**Records contained in a dataset**
* * * * *
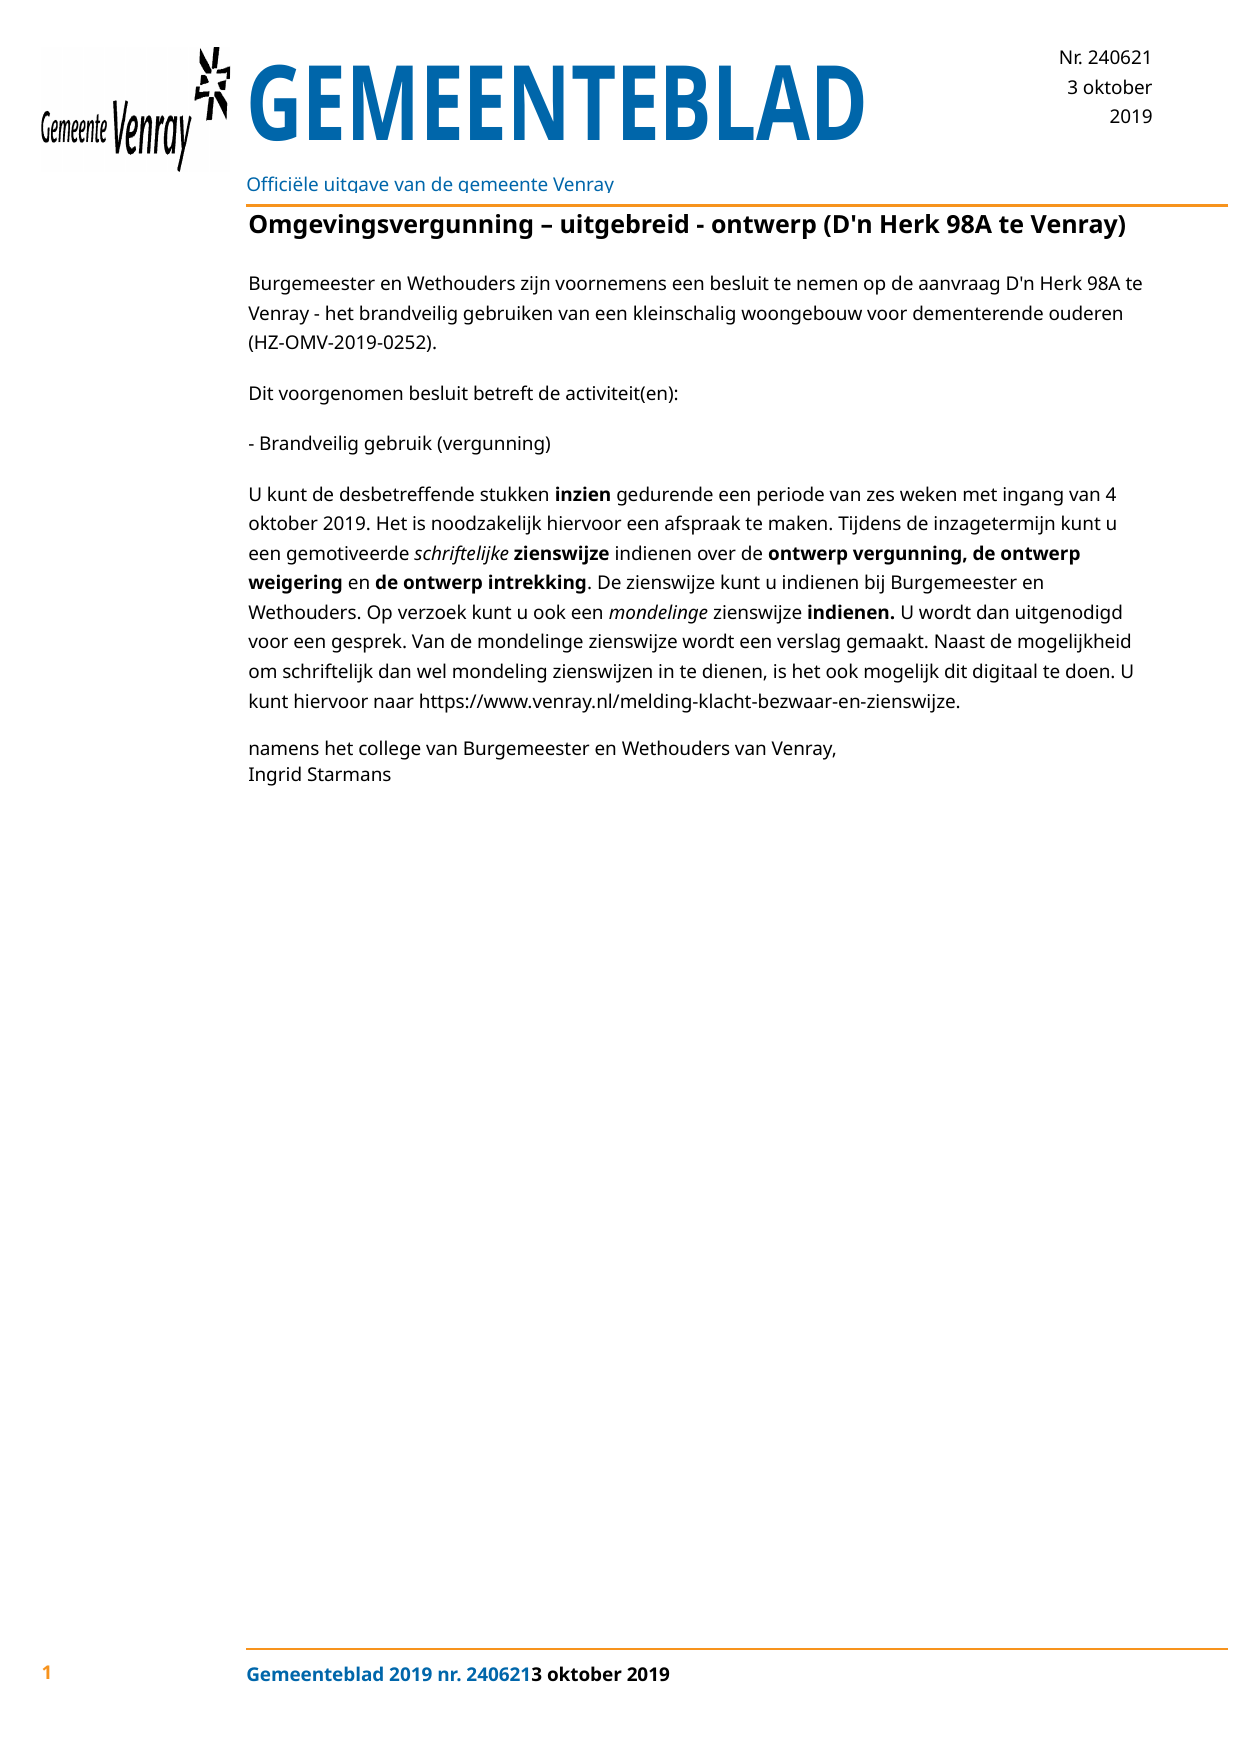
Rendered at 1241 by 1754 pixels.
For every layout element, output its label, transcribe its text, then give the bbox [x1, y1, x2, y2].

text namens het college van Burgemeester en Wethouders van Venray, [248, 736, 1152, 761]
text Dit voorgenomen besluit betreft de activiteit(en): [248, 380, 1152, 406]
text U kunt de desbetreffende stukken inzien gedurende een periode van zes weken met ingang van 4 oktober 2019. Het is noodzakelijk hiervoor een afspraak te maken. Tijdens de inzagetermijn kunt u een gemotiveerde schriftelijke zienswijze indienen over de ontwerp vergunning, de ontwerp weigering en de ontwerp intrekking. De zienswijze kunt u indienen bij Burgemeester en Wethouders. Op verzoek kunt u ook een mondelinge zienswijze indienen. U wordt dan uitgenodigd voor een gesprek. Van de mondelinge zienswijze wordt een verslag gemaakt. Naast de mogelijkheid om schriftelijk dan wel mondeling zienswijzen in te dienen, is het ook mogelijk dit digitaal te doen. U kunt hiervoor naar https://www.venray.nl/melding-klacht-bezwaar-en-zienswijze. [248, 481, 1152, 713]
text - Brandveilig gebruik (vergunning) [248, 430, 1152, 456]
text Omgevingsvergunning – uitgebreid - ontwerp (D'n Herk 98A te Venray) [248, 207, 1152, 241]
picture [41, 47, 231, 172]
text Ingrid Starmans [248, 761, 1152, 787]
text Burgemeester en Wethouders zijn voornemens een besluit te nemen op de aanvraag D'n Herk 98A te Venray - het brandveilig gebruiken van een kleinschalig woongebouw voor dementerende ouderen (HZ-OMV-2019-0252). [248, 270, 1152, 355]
* * * * *
**TRY IT**
The response must match the data line for line, from its first line through the line with "text Dit voorgenomen", inclusive, and must leave out the pictures.

**WRITTEN SOLUTION**
Rendered at 1241 by 1754 pixels.
For every layout element, output its label, transcribe its text, then give the bbox [x1, y1, x2, y2].

text namens het college van Burgemeester en Wethouders van Venray, [248, 736, 1152, 761]
text Dit voorgenomen besluit betreft de activiteit(en): [248, 380, 1152, 406]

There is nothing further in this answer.